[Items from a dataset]
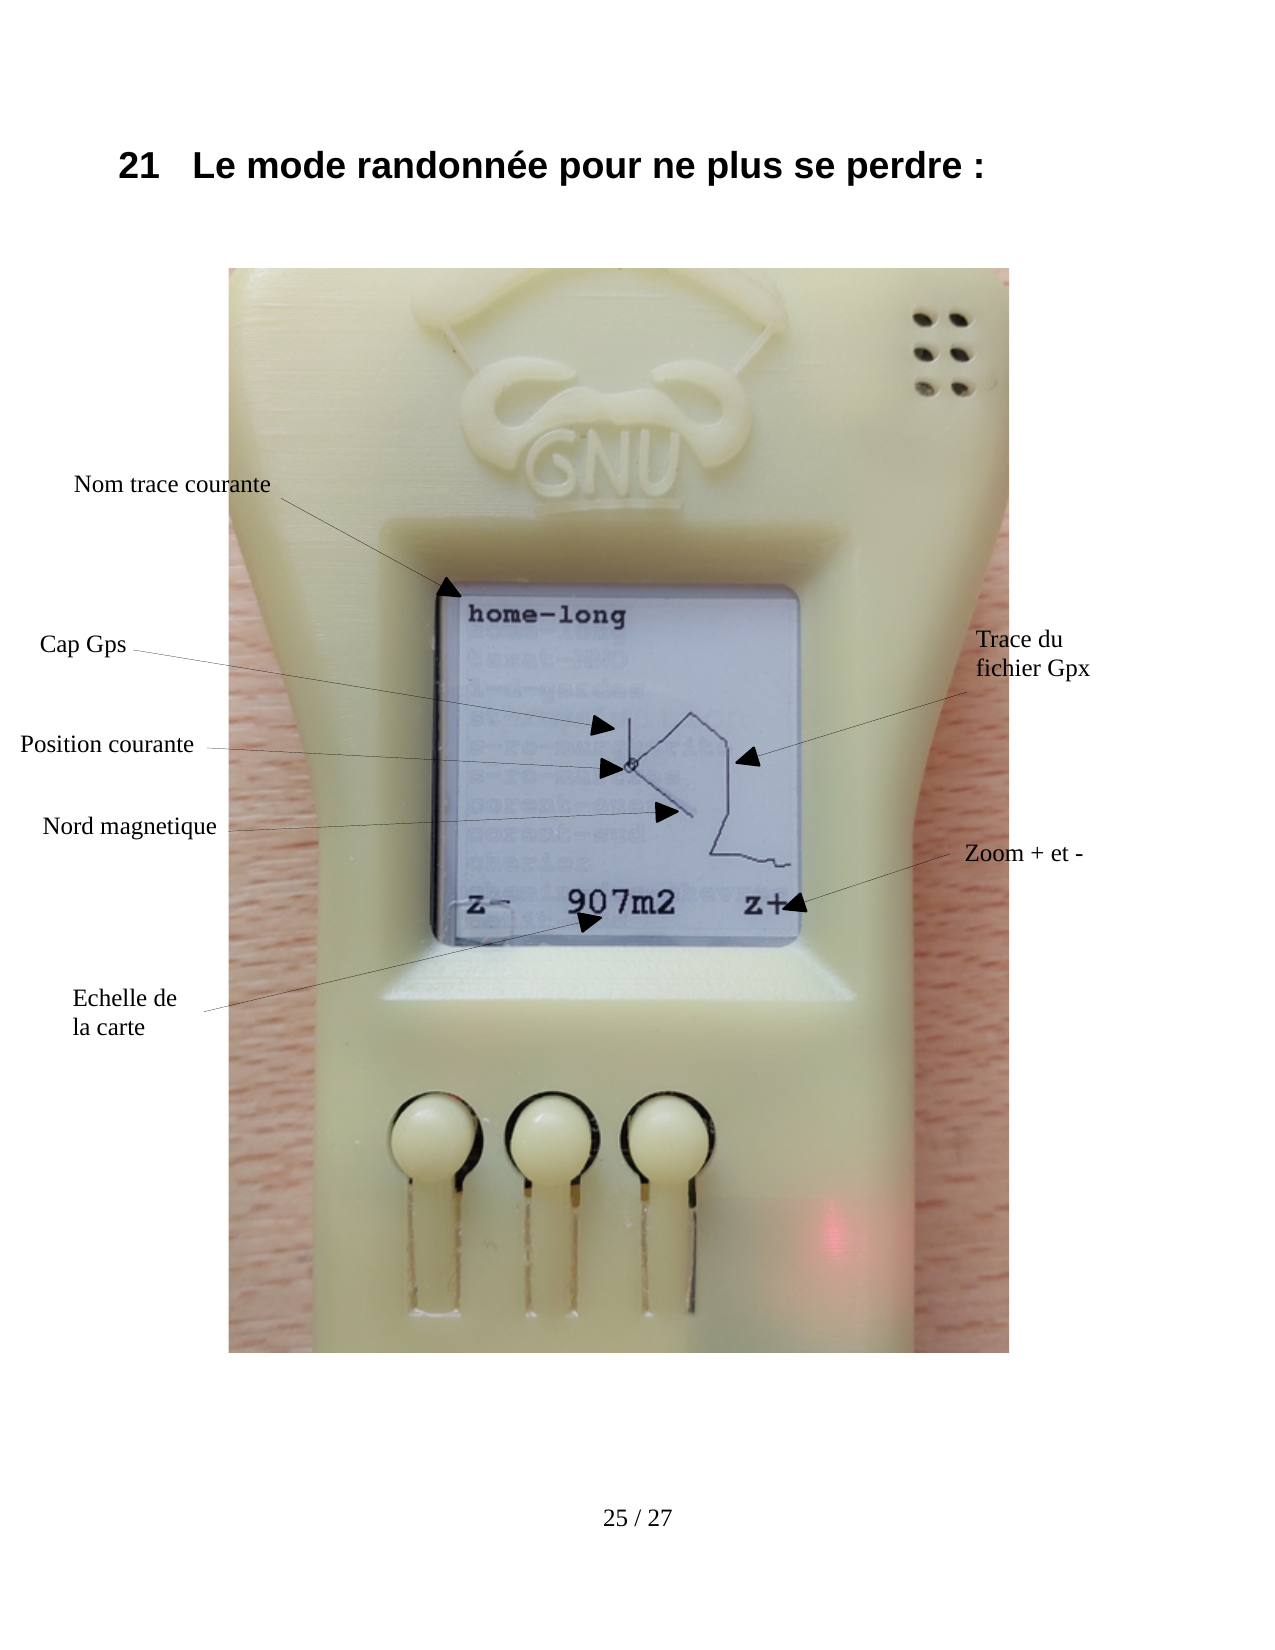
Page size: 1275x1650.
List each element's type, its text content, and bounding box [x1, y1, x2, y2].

picture [228, 268, 1010, 1353]
subtitle Le mode randonnée pour ne plus se perdre : [118, 143, 1157, 186]
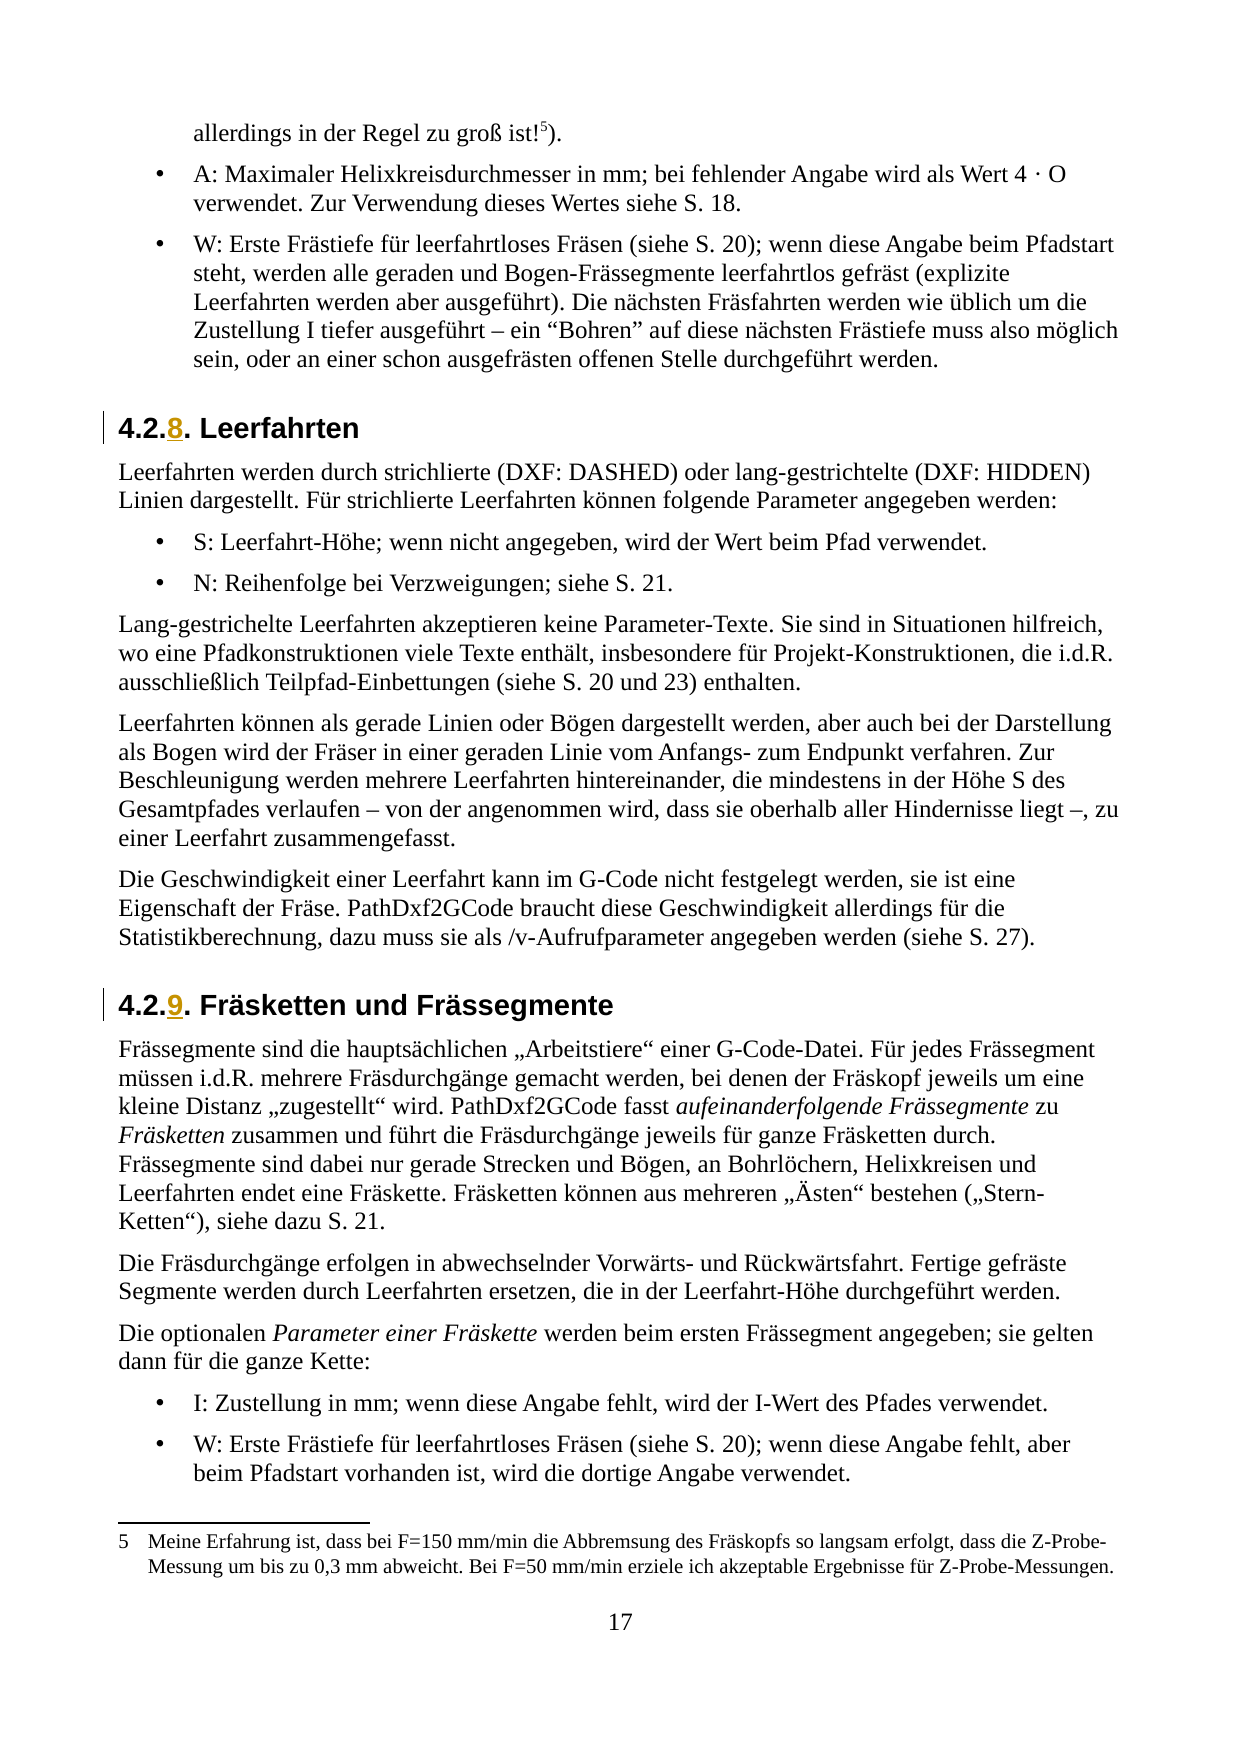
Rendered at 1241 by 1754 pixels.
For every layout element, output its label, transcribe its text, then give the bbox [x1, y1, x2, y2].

list W: Erste Frästiefe für leerfahrtloses Fräsen (siehe S. 19); wenn diese Angabe fehlt, aber beim Pfadstart vorhanden ist, wird die dortige Angabe verwendet. [156, 1429, 1122, 1486]
text Leerfahrten werden durch strichlierte (DXF: DASHED) oder lang-gestrichtelte (DXF: HIDDEN) Linien dargestellt. Für strichlierte Leerfahrten können folgende Parameter angegeben werden: [118, 457, 1122, 514]
subtitle 4.2.9. Fräsketten und Frässegmente [118, 988, 1122, 1021]
text Die Fräsdurchgänge erfolgen in abwechselnder Vorwärts- und Rückwärtsfahrt. Fertige gefräste Segmente werden durch Leerfahrten ersetzen, die in der Leerfahrt-Höhe durchgeführt werden. [118, 1248, 1122, 1305]
list I: Zustellung in mm; wenn diese Angabe fehlt, wird der I-Wert des Pfades verwendet. [156, 1388, 1122, 1416]
text Die optionalen Parameter einer Fräskette werden beim ersten Frässegment angegeben; sie gelten dann für die ganze Kette: [118, 1318, 1122, 1375]
list S: Leerfahrt-Höhe; wenn nicht angegeben, wird der Wert beim Pfad verwendet. [156, 527, 1122, 555]
text Frässegmente sind die hauptsächlichen „Arbeitstiere“ einer G-Code-Datei. Für jedes Frässegment müssen i.d.R. mehrere Fräsdurchgänge gemacht werden, bei denen der Fräskopf jeweils um eine kleine Distanz „zugestellt“ wird. PathDxf2GCode fasst aufeinanderfolgende Frässegmente zu Fräsketten zusammen und führt die Fräsdurchgänge jeweils für ganze Fräsketten durch. Frässegmente sind dabei nur gerade Strecken und Bögen, an Bohrlöchern, Helixkreisen und Leerfahrten endet eine Fräskette. Fräsketten können aus mehreren „Ästen“ bestehen („Stern-Ketten“), siehe dazu S. 20. [118, 1034, 1122, 1235]
text Lang-gestrichelte Leerfahrten akzeptieren keine Parameter-Texte. Sie sind in Situationen hilfreich, wo eine Pfadkonstruktionen viele Texte enthält, insbesondere für Projekt-Konstruktionen, die i.d.R. ausschließlich Teilpfad-Einbettungen (siehe S. 19 und 23) enthalten. [118, 609, 1122, 695]
list Meine Erfahrung ist, dass bei F=150 mm/min die Abbremsung des Fräskopfs so langsam erfolgt, dass die Z-Probe-Messung um bis zu 0,3 mm abweicht. Bei F=50 mm/min erziele ich akzeptable Ergebnisse für Z-Probe-Messungen. [118, 1529, 1122, 1578]
list W: Erste Frästiefe für leerfahrtloses Fräsen (siehe S. 19); wenn diese Angabe beim Pfadstart steht, werden alle geraden und Bogen-Frässegmente leerfahrtlos gefräst (explizite Leerfahrten werden aber ausgeführt). Die nächsten Fräsfahrten werden wie üblich um die Zustellung I tiefer ausgeführt – ein “Bohren” auf diese nächsten Frästiefe muss also möglich sein, oder an einer schon ausgefrästen offenen Stelle durchgeführt werden. [156, 229, 1122, 373]
text Die Geschwindigkeit einer Leerfahrt kann im G-Code nicht festgelegt werden, sie ist eine Eigenschaft der Fräse. PathDxf2GCode braucht diese Geschwindigkeit allerdings für die Statistikberechnung, dazu muss sie als /v-Aufrufparameter angegeben werden (siehe S. 26). [118, 864, 1122, 950]
list N: Reihenfolge bei Verzweigungen; siehe S. 20. [156, 568, 1122, 597]
list A: Maximaler Helixkreisdurchmesser in mm; bei fehlender Angabe wird als Wert 4 · O verwendet. Zur Verwendung dieses Wertes siehe S. 17. [156, 159, 1122, 217]
list allerdings in der Regel zu groß ist!). [156, 118, 1122, 147]
subtitle 4.2.8. Leerfahrten [118, 411, 1122, 444]
text Leerfahrten können als gerade Linien oder Bögen dargestellt werden, aber auch bei der Darstellung als Bogen wird der Fräser in einer geraden Linie vom Anfangs- zum Endpunkt verfahren. Zur Beschleunigung werden mehrere Leerfahrten hintereinander, die mindestens in der Höhe S des Gesamtpfades verlaufen – von der angenommen wird, dass sie oberhalb aller Hindernisse liegt –, zu einer Leerfahrt zusammengefasst. [118, 708, 1122, 852]

- **Work to be completed**
Extract from the data every line where "subtitle" shows up.

- **Answer to this problem**
subtitle Le mode randonnée pour ne plus se perdre : [118, 143, 1157, 186]
subtitle 4.2.9. Fräsketten und Frässegmente [118, 988, 1122, 1021]
subtitle 4.2.8. Leerfahrten [118, 411, 1122, 444]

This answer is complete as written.